++++ Records provided ++++

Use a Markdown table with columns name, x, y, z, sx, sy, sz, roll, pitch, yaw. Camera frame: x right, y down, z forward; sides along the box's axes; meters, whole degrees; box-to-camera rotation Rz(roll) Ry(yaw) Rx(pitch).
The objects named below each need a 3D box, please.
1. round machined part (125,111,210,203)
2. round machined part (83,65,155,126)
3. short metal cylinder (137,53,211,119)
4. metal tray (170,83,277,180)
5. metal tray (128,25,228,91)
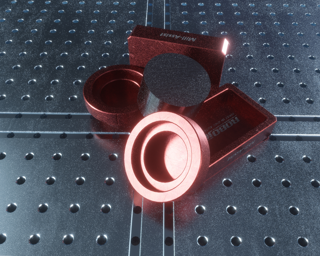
| name | x | y | z | sx | sy | sz | roll | pitch | yaw |
| --- | --- | --- | --- | --- | --- | --- | --- | --- | --- |
| round machined part | 0.011 | 0.033 | 0.347 | 0.098 | 0.042 | 0.097 | -6 | 79 | 32 |
| round machined part | -0.053 | -0.041 | 0.431 | 0.099 | 0.042 | 0.098 | 0 | 50 | 0 |
| short metal cylinder | 0.016 | -0.045 | 0.381 | 0.081 | 0.050 | 0.080 | 7 | 58 | -10 |
| metal tray | 0.073 | 0.000 | 0.404 | 0.131 | 0.030 | 0.090 | -30 | 56 | -23 |
| metal tray | 0.023 | -0.091 | 0.442 | 0.131 | 0.089 | 0.030 | 12 | 51 | 9 |
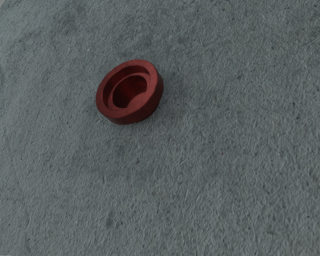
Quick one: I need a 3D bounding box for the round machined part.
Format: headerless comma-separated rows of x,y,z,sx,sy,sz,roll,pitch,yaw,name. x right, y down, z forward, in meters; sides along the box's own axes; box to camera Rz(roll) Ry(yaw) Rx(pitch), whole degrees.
-0.039,-0.047,0.443,0.098,0.042,0.098,-13,56,21,round machined part
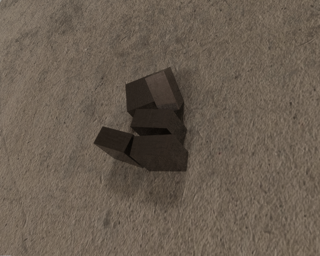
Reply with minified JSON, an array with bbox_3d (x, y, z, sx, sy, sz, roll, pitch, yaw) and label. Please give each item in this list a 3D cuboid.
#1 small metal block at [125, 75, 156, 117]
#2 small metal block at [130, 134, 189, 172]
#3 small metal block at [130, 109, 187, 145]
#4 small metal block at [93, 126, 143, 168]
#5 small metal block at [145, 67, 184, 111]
[{"bbox_3d":[-0.020,-0.045,0.441,0.050,0.025,0.050,-19,54,17],"label":"small metal block"},{"bbox_3d":[0.000,0.031,0.368,0.050,0.050,0.025,-4,60,26],"label":"small metal block"},{"bbox_3d":[0.000,0.000,0.387,0.050,0.050,0.025,3,63,29],"label":"small metal block"},{"bbox_3d":[-0.047,0.025,0.396,0.050,0.050,0.025,13,69,33],"label":"small metal block"},{"bbox_3d":[0.007,-0.049,0.399,0.025,0.050,0.050,-20,12,16],"label":"small metal block"}]
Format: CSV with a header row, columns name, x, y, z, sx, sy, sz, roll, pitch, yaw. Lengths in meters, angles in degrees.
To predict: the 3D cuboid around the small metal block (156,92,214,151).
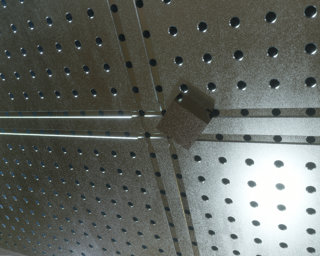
name,x,y,z,sx,sy,sz,roll,pitch,yaw
small metal block,0.031,-0.008,0.389,0.050,0.025,0.050,35,129,4
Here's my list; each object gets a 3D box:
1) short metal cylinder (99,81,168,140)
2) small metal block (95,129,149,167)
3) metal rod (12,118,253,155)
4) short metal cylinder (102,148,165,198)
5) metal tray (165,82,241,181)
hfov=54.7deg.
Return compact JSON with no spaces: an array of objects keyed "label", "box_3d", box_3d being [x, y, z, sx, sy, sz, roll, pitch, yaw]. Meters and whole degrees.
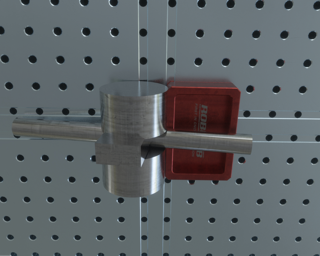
[{"label":"short metal cylinder","box_3d":[-0.031,-0.024,0.373,0.081,0.080,0.050,1,110,-1]},{"label":"small metal block","box_3d":[-0.042,0.021,0.356,0.050,0.050,0.025,4,110,7]},{"label":"metal rod","box_3d":[-0.040,0.009,0.391,0.302,0.025,0.025,4,110,7]},{"label":"short metal cylinder","box_3d":[-0.034,0.046,0.400,0.081,0.080,0.050,1,110,-1]},{"label":"metal tray","box_3d":[0.053,0.006,0.413,0.091,0.030,0.129,1,110,-1]}]
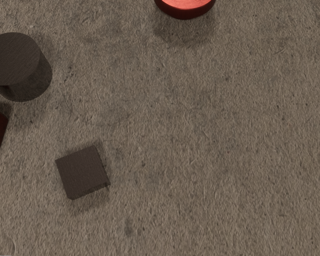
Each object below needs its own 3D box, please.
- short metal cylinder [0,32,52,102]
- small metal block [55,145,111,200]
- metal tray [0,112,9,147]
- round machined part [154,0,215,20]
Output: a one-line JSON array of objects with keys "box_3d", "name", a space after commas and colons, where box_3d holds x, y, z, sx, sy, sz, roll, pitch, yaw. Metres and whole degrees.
[{"box_3d": [-0.196, -0.082, 0.422, 0.081, 0.050, 0.080, 0, 70, 0], "name": "short metal cylinder"}, {"box_3d": [-0.096, 0.056, 0.387, 0.050, 0.025, 0.050, -22, 72, -8], "name": "small metal block"}, {"box_3d": [-0.258, 0.035, 0.389, 0.091, 0.030, 0.130, 7, 70, 2], "name": "metal tray"}, {"box_3d": [0.038, -0.207, 0.475, 0.099, 0.042, 0.098, 0, 70, -1], "name": "round machined part"}]
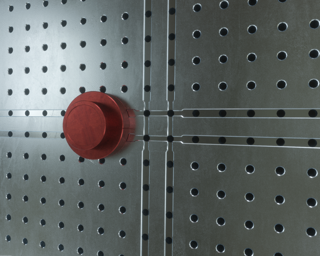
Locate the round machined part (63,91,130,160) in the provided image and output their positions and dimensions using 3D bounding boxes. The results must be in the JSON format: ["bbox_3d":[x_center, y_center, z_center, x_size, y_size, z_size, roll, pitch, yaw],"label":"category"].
[{"bbox_3d":[-0.096,-0.004,0.438,0.098,0.042,0.097,0,90,20],"label":"round machined part"}]
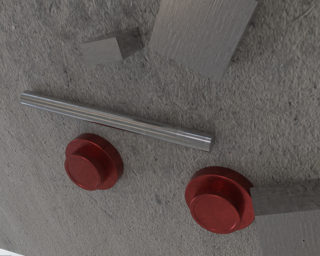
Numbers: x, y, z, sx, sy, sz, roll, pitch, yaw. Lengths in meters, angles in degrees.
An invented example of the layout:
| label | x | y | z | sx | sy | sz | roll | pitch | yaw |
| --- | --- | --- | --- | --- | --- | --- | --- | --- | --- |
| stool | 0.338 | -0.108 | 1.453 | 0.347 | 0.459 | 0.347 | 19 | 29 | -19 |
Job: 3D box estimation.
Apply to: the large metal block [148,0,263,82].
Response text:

++++

- _What to do_
Reproduce every entry exactly; images stay out.

- _Completed exercise_
Use a Markdown table with columns name, x, y, z, sx, sy, sz, roll, pitch, yaw. Camera frame: x right, y down, z forward; sides along the box's axes; meters, whole degrees; box-to-camera rotation Rz(roll) Ry(yaw) Rx(pitch).
The objects named below each need a 3D box, please.
1. round machined part (125,111,210,203)
2. round machined part (83,65,155,126)
3. short metal cylinder (137,53,211,119)
4. metal tray (170,83,277,180)
5. metal tray (128,25,228,91)
| name | x | y | z | sx | sy | sz | roll | pitch | yaw |
| --- | --- | --- | --- | --- | --- | --- | --- | --- | --- |
| round machined part | 0.011 | 0.033 | 0.347 | 0.098 | 0.042 | 0.097 | -6 | 79 | 32 |
| round machined part | -0.053 | -0.041 | 0.431 | 0.099 | 0.042 | 0.098 | 0 | 50 | 0 |
| short metal cylinder | 0.016 | -0.045 | 0.381 | 0.081 | 0.050 | 0.080 | 7 | 58 | -10 |
| metal tray | 0.073 | 0.000 | 0.404 | 0.131 | 0.030 | 0.090 | -30 | 56 | -23 |
| metal tray | 0.023 | -0.091 | 0.442 | 0.131 | 0.089 | 0.030 | 12 | 51 | 9 |
Quick one: I need a 3D bounding box for the round machined part.
Format: headerless comma-separated rows of x,y,z,sx,sy,sz,roll,pitch,yaw,name. x right, y down, z forward, in meters; sides along the box's own axes; box to camera Rz(roll) Ry(yaw) Rx(pitch), whole degrees.
-0.039,-0.047,0.443,0.098,0.042,0.098,-13,56,21,round machined part
Reply with minified JSON, an array with bbox_3d (x, y, z, sx, sy, sz, roll, pitch, yaw) and label. Please give each item in this list a 3D cuboid.
#1 small metal block at [125, 75, 156, 117]
#2 small metal block at [130, 134, 189, 172]
#3 small metal block at [130, 109, 187, 145]
#4 small metal block at [93, 126, 143, 168]
#5 small metal block at [145, 67, 184, 111]
[{"bbox_3d":[-0.020,-0.045,0.441,0.050,0.025,0.050,-19,54,17],"label":"small metal block"},{"bbox_3d":[0.000,0.031,0.368,0.050,0.050,0.025,-4,60,26],"label":"small metal block"},{"bbox_3d":[0.000,0.000,0.387,0.050,0.050,0.025,3,63,29],"label":"small metal block"},{"bbox_3d":[-0.047,0.025,0.396,0.050,0.050,0.025,13,69,33],"label":"small metal block"},{"bbox_3d":[0.007,-0.049,0.399,0.025,0.050,0.050,-20,12,16],"label":"small metal block"}]
Format: CSV with a header row, columns name, x, y, z, sx, sy, sz, roll, pitch, yaw. Lengths in meters, angles in degrees.
To predict: the 3D cuboid around the small metal block (156,92,214,151).
name,x,y,z,sx,sy,sz,roll,pitch,yaw
small metal block,0.031,-0.008,0.389,0.050,0.025,0.050,35,129,4
Here's my list; each object gets a 3D box:
1) short metal cylinder (99,81,168,140)
2) small metal block (95,129,149,167)
3) metal rod (12,118,253,155)
4) short metal cylinder (102,148,165,198)
5) metal tray (165,82,241,181)
hfov=54.7deg.
Return compact JSON with no spaces: an array of objects keyed "label", "box_3d", box_3d being [x, y, z, sx, sy, sz, roll, pitch, yaw]. Meters and whole degrees.
[{"label":"short metal cylinder","box_3d":[-0.031,-0.024,0.373,0.081,0.080,0.050,1,110,-1]},{"label":"small metal block","box_3d":[-0.042,0.021,0.356,0.050,0.050,0.025,4,110,7]},{"label":"metal rod","box_3d":[-0.040,0.009,0.391,0.302,0.025,0.025,4,110,7]},{"label":"short metal cylinder","box_3d":[-0.034,0.046,0.400,0.081,0.080,0.050,1,110,-1]},{"label":"metal tray","box_3d":[0.053,0.006,0.413,0.091,0.030,0.129,1,110,-1]}]
Each object below needs its own 3D box, please.
- short metal cylinder [0,32,52,102]
- small metal block [55,145,111,200]
- metal tray [0,112,9,147]
- round machined part [154,0,215,20]
Output: a one-line JSON array of objects with keys "box_3d", "name", a space after commas and colons, where box_3d holds x, y, z, sx, sy, sz, roll, pitch, yaw. Metres and whole degrees.
[{"box_3d": [-0.196, -0.082, 0.422, 0.081, 0.050, 0.080, 0, 70, 0], "name": "short metal cylinder"}, {"box_3d": [-0.096, 0.056, 0.387, 0.050, 0.025, 0.050, -22, 72, -8], "name": "small metal block"}, {"box_3d": [-0.258, 0.035, 0.389, 0.091, 0.030, 0.130, 7, 70, 2], "name": "metal tray"}, {"box_3d": [0.038, -0.207, 0.475, 0.099, 0.042, 0.098, 0, 70, -1], "name": "round machined part"}]
Locate the round machined part (63,91,130,160) in the provided image and output their positions and dimensions using 3D bounding boxes. The results must be in the JSON format: ["bbox_3d":[x_center, y_center, z_center, x_size, y_size, z_size, roll, pitch, yaw],"label":"category"].
[{"bbox_3d":[-0.096,-0.004,0.438,0.098,0.042,0.097,0,90,20],"label":"round machined part"}]
Numbers: x, y, z, sx, sy, sz, roll, pitch, yaw. Lengths in meters, angles in degrees.
An invented example of the layout:
| label | x | y | z | sx | sy | sz | roll | pitch | yaw |
| --- | --- | --- | --- | --- | --- | --- | --- | --- | --- |
| stool | 0.338 | -0.108 | 1.453 | 0.347 | 0.459 | 0.347 | 19 | 29 | -19 |
Job: 3D box estimation.
Apply to: the large metal block [148,0,263,82].
Response text:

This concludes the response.